The pervasive pessimism surrounding the Renters Reform Bill appears to have become a prevailing sentiment among landlords. This pervasive skepticism is deeply rooted in apprehensions regarding the potential repercussions of the proposed changes upon the intricate dynamics of the rental sector. It is abundantly clear that the harbour reservations concerning the possible aftermath of the introduction of a new ombudsman, with these anxieties extending to their perceptions of how it may influence the industry as a whole.

Adding to the litany of concerns is the looming spectre of the Minimum Energy Efficiency Standard (MEES), presenting yet another formidable challenge for property investors. A considerable number find themselves wrestling with the imperative to align their properties with stringent energy efficiency criteria. This issue not only compounds their apprehensions but also compounds the intricacies inherent in the management of rental properties.

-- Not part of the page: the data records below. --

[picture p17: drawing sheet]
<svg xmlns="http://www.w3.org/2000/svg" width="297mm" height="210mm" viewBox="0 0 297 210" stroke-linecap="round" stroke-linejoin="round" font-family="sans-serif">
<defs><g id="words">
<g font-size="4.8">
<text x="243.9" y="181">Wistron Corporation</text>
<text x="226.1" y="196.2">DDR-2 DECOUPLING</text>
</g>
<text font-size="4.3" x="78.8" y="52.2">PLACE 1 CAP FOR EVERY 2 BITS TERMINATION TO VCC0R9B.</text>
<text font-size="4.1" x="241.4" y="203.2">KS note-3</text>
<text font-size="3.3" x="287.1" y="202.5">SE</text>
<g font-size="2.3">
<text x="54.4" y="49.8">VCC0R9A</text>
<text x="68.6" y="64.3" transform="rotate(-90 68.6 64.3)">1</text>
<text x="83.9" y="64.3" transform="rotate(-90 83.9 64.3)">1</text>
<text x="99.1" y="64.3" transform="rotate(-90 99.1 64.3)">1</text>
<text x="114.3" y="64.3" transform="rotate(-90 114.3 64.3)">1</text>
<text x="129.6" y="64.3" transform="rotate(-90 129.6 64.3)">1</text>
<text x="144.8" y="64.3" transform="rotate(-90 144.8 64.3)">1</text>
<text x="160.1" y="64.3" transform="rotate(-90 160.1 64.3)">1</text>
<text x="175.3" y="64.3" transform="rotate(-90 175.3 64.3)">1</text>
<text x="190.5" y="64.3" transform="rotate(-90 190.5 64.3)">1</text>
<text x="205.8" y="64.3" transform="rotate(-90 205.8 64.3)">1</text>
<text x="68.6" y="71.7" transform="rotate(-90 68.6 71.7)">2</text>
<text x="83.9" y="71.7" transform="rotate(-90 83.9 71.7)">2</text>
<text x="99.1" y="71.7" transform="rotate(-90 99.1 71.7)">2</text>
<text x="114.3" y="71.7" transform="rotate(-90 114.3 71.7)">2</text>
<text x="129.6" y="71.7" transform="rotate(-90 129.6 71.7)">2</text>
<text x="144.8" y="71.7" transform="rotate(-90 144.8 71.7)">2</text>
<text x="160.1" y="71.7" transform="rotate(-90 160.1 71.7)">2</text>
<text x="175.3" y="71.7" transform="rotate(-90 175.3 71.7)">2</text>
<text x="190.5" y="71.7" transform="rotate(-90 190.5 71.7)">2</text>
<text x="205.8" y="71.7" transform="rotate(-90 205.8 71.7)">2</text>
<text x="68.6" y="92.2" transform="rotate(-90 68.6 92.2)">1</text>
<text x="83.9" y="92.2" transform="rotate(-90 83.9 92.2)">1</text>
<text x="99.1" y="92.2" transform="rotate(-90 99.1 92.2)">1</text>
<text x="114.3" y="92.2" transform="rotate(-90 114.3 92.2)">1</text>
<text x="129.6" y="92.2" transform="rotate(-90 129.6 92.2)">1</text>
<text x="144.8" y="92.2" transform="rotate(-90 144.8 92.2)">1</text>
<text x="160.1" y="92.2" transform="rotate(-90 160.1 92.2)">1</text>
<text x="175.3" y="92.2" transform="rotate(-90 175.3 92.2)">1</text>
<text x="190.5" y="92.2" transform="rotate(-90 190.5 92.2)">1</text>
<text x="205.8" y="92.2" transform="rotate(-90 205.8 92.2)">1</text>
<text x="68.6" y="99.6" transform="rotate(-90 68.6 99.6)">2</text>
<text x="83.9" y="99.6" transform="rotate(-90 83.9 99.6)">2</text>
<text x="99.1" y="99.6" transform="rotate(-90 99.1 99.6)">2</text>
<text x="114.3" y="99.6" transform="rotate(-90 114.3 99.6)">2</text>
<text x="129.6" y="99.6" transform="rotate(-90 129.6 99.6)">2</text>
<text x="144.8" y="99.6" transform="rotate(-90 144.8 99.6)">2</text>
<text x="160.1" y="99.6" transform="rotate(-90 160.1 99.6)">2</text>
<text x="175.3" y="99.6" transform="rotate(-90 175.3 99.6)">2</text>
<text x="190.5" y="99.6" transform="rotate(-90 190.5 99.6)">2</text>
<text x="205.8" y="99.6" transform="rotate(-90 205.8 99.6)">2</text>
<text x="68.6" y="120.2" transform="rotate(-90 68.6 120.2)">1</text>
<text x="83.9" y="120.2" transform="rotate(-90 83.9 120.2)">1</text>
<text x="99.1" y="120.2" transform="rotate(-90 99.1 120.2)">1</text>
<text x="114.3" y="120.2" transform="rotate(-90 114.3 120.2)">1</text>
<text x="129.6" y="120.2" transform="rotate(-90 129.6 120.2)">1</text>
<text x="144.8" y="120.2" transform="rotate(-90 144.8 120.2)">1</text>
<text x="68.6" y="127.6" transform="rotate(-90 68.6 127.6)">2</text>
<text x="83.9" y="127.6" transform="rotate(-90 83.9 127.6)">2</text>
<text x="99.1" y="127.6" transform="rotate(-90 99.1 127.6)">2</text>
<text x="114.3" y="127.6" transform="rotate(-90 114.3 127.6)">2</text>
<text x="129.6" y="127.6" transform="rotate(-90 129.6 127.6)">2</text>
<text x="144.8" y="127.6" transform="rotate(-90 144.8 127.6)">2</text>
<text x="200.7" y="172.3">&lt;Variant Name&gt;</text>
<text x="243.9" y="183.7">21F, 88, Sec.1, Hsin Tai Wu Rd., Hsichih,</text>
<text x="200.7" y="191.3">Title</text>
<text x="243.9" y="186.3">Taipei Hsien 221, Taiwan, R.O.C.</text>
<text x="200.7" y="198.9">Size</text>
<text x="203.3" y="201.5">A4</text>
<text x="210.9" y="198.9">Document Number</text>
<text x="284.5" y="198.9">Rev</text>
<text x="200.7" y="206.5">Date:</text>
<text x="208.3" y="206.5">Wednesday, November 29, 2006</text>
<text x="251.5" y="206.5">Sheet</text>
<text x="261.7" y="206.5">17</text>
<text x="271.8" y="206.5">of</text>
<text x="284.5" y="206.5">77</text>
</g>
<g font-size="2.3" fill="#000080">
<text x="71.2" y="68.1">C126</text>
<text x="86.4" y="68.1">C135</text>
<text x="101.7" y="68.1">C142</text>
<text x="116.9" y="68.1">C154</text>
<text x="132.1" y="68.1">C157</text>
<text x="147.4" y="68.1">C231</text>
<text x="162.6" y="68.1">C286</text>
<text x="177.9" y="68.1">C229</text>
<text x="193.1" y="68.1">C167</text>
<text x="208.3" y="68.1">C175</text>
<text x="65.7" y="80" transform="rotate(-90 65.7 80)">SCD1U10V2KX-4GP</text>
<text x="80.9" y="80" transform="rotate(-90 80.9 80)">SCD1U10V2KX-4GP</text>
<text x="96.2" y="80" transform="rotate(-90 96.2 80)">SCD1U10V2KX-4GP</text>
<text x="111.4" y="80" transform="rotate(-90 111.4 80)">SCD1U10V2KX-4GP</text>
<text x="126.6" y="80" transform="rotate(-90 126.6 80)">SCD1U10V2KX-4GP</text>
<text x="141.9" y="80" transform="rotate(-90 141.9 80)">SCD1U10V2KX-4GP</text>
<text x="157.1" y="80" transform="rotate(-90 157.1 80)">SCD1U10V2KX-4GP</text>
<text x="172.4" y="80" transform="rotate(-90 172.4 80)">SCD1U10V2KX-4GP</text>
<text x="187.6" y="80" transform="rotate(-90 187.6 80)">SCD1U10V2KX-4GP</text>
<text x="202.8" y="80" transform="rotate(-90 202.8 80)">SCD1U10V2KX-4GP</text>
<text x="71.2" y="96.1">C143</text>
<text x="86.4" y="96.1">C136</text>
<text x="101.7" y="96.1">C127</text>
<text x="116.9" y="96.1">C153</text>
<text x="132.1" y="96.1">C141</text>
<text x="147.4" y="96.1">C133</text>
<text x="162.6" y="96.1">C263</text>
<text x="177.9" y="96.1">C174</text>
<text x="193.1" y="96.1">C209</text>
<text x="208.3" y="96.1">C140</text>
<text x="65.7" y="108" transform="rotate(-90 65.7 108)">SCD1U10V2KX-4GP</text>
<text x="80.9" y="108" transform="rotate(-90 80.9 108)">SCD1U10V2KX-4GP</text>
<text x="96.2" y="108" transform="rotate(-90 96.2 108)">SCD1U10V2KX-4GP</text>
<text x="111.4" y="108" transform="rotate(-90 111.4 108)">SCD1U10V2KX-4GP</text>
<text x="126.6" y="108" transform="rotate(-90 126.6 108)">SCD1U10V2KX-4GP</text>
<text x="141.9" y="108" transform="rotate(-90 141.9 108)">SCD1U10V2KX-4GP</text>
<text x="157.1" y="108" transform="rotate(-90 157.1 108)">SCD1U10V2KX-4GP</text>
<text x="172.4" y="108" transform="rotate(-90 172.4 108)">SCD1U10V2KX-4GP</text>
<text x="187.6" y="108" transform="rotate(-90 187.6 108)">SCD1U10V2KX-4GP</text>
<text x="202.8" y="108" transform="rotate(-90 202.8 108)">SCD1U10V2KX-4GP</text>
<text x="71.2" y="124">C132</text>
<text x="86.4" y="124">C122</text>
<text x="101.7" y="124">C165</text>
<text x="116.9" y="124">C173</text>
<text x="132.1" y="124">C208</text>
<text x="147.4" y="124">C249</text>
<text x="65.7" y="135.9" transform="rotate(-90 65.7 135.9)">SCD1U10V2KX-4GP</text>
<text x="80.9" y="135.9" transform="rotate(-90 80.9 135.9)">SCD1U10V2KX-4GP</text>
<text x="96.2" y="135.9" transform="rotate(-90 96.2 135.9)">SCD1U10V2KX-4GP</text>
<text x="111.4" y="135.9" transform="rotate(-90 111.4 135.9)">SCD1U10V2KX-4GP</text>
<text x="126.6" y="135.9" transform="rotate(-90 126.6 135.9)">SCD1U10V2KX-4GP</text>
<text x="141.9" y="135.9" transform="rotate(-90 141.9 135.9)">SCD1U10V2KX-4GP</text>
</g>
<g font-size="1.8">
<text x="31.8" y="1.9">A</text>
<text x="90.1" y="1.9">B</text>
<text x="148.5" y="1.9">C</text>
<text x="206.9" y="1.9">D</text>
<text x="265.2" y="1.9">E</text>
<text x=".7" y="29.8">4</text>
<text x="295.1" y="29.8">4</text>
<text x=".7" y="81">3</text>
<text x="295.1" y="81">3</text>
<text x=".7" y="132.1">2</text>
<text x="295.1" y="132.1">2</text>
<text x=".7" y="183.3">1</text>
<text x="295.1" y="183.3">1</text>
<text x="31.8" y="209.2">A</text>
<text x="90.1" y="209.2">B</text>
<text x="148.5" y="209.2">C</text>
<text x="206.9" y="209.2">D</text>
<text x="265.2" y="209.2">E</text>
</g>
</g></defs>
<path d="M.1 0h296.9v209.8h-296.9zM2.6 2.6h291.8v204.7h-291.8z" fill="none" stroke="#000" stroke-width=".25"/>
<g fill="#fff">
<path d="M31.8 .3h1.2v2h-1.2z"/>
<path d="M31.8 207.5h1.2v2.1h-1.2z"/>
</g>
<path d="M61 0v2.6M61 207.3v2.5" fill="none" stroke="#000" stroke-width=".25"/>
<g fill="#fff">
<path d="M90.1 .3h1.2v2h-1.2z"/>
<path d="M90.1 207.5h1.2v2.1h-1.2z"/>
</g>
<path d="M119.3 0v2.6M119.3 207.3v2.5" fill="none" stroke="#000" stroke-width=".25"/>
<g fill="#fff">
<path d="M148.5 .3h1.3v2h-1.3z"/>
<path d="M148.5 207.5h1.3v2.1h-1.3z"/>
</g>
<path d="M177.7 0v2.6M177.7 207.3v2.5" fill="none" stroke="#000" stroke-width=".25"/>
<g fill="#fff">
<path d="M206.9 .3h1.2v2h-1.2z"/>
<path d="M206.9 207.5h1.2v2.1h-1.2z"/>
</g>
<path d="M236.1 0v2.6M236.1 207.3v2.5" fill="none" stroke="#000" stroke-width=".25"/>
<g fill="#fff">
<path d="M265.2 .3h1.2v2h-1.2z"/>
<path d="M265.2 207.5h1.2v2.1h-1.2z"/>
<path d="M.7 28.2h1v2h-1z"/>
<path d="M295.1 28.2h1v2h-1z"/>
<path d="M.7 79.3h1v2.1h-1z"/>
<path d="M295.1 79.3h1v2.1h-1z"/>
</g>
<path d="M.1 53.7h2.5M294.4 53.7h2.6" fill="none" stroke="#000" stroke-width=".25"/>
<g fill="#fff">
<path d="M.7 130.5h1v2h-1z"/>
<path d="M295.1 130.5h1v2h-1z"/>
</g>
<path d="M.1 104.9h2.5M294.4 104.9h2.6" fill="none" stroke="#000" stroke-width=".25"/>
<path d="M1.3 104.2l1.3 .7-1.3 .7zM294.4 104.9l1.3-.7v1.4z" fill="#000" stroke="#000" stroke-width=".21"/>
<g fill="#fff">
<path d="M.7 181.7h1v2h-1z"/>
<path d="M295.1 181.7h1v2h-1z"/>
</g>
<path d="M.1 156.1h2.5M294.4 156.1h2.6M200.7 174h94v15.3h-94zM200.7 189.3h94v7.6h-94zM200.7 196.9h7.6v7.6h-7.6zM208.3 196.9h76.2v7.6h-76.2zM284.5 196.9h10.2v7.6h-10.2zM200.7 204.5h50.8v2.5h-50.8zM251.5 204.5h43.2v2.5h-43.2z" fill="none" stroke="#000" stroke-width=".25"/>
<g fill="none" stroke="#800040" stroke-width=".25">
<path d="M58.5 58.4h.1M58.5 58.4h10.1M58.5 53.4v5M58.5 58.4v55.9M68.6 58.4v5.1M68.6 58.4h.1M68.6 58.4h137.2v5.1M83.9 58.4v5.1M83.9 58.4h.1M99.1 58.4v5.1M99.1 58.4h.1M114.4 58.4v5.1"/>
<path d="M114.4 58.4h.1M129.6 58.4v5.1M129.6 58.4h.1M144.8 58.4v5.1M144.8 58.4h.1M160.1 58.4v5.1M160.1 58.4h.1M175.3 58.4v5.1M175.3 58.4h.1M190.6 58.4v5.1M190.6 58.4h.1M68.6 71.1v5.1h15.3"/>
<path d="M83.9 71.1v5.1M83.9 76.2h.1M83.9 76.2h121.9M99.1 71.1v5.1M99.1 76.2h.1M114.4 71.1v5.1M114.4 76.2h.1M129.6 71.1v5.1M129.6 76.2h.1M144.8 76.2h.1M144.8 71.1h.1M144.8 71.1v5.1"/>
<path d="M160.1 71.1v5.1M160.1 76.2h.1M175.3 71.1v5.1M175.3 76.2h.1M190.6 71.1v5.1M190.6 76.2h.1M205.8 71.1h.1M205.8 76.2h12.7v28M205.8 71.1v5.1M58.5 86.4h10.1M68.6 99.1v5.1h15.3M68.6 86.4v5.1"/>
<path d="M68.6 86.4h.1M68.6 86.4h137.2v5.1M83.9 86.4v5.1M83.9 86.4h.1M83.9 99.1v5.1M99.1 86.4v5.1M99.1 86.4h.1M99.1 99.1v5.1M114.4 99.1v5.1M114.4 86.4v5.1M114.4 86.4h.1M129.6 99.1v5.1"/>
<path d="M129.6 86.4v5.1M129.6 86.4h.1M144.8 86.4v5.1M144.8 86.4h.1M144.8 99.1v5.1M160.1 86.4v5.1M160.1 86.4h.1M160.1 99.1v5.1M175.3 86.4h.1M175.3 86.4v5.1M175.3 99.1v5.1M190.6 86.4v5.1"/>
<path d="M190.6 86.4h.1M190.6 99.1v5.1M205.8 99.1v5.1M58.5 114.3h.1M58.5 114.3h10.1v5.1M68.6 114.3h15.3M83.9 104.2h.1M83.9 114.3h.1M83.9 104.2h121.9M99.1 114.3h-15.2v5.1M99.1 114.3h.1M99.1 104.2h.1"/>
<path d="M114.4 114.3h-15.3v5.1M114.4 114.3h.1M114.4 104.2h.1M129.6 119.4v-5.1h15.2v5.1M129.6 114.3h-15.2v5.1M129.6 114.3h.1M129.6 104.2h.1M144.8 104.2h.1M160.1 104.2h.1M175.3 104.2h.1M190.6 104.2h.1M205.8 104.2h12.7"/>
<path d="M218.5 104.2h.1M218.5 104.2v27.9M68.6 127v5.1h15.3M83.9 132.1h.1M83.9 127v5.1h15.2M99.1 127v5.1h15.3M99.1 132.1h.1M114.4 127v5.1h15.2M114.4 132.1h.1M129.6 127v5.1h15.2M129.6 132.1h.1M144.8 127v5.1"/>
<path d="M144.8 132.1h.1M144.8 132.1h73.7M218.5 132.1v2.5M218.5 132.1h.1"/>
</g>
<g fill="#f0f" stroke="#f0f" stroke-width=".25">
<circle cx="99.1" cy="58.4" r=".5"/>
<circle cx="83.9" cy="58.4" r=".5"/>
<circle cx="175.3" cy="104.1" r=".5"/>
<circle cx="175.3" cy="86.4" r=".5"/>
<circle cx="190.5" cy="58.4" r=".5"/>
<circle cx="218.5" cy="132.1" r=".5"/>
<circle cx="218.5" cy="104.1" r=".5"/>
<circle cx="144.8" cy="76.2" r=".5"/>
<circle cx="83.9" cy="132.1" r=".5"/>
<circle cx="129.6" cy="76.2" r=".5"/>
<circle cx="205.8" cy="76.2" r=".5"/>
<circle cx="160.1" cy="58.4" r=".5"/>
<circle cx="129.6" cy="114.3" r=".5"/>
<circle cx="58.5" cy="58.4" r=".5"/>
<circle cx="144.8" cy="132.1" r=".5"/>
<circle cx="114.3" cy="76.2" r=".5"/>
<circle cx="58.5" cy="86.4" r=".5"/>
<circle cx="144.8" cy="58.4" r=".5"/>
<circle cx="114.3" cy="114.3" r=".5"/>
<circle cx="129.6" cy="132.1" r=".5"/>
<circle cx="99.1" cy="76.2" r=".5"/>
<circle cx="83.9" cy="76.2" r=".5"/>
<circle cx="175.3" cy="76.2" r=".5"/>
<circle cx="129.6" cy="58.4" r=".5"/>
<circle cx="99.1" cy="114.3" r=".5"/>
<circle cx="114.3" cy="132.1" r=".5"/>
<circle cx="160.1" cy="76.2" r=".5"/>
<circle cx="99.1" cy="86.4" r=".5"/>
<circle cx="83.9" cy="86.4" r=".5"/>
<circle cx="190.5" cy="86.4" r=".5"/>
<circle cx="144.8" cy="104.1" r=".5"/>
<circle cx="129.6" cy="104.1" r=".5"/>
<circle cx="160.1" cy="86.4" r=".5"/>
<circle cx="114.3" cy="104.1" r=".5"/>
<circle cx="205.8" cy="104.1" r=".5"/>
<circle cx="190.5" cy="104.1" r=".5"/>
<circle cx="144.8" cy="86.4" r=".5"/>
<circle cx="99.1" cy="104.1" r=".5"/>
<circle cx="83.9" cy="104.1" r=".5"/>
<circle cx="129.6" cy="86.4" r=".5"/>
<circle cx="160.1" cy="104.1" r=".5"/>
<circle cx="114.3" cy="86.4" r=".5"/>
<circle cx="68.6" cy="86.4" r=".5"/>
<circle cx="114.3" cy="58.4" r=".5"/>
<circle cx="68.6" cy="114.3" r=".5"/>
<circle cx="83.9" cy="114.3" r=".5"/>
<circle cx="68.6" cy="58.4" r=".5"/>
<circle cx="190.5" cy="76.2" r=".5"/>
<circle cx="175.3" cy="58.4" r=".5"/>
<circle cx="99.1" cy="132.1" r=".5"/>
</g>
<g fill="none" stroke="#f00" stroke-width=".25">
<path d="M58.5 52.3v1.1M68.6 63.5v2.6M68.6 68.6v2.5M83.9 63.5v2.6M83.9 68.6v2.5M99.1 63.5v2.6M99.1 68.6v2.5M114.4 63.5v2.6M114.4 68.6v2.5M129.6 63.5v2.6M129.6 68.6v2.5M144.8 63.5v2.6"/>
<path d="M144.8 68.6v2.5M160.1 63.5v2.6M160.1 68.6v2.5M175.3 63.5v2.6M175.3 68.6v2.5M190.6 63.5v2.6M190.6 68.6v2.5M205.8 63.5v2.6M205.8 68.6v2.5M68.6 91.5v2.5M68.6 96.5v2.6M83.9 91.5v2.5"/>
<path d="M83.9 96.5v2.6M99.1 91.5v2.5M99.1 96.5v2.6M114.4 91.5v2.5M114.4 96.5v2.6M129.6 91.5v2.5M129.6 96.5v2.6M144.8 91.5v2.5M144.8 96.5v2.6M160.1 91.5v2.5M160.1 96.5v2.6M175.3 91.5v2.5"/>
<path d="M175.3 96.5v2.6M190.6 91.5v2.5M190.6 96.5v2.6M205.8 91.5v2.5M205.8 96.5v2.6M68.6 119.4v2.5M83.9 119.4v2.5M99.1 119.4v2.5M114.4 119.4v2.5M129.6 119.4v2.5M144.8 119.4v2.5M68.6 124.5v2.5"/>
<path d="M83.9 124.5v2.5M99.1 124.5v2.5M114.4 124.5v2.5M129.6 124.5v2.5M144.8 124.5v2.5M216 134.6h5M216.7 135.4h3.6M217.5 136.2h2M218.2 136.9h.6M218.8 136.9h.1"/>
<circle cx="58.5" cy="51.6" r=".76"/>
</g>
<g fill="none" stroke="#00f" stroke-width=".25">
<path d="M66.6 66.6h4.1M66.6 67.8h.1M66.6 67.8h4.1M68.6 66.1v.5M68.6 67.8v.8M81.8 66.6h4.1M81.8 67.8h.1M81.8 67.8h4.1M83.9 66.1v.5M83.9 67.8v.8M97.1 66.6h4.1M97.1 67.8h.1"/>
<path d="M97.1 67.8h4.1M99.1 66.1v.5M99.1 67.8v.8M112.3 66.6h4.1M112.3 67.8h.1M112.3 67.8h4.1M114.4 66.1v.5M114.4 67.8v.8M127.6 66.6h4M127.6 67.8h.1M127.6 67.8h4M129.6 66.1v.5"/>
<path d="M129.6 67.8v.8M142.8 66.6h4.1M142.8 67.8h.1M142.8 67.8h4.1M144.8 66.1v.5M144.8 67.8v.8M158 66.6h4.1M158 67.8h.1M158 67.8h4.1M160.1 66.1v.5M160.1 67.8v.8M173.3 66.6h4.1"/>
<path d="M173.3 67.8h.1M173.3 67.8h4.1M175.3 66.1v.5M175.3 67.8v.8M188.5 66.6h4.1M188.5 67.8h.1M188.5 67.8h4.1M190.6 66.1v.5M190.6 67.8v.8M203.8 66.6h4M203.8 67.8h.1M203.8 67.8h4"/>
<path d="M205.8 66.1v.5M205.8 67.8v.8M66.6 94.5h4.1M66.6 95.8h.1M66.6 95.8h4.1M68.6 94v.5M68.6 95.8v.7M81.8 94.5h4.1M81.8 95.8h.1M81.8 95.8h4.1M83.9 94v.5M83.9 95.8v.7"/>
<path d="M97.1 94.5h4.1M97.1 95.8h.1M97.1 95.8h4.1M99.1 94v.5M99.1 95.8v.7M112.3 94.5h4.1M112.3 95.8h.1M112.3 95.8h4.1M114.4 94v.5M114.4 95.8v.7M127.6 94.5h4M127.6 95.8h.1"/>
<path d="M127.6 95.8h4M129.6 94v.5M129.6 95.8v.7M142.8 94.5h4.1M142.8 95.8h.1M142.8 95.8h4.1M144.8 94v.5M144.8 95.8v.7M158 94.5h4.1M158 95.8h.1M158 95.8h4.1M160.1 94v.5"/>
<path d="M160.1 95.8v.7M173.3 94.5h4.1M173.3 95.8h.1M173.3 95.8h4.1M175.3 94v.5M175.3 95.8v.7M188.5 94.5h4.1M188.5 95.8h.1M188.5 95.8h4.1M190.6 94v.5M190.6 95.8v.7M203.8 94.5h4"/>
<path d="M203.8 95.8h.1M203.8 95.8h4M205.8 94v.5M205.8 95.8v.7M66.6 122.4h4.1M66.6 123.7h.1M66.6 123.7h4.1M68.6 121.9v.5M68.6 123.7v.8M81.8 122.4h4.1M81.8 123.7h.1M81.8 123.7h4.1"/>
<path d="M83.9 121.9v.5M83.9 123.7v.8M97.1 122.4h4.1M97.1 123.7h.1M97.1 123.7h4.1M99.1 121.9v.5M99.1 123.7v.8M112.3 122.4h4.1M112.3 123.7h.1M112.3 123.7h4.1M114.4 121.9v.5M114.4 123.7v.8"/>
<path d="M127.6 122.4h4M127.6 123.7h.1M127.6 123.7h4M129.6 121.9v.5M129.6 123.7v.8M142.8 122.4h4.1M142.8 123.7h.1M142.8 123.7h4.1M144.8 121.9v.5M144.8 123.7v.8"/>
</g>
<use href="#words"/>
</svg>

In reaction to this shifting landscape, landlords are increasingly resorting to the deployment of guarantors as a risk mitigation strategy aimed at safeguarding rental incomes. The research illuminates a burgeoning trend whereby landlords are insisting that tenants provide guarantors, underscoring the heightened significance attributed to financial stability and security within the rental application process. This transition reflects the evolving character of the landlord-tenant relationship and signifies the proactive measures undertaken to adapt to the changing dynamics of the property market.

In summation, the study casts a revealing spotlight upon the multifaceted challenges confronting the rental market, offering insights into the diverse strategies embraced by both landlords and tenants in their quest to navigate this intricate terrain. As the rental sector continues to evolve, it stands as an imperative for stakeholders to remain adaptable and innovative in their pursuit of solutions that resonate with the evolving landscape of the rental market.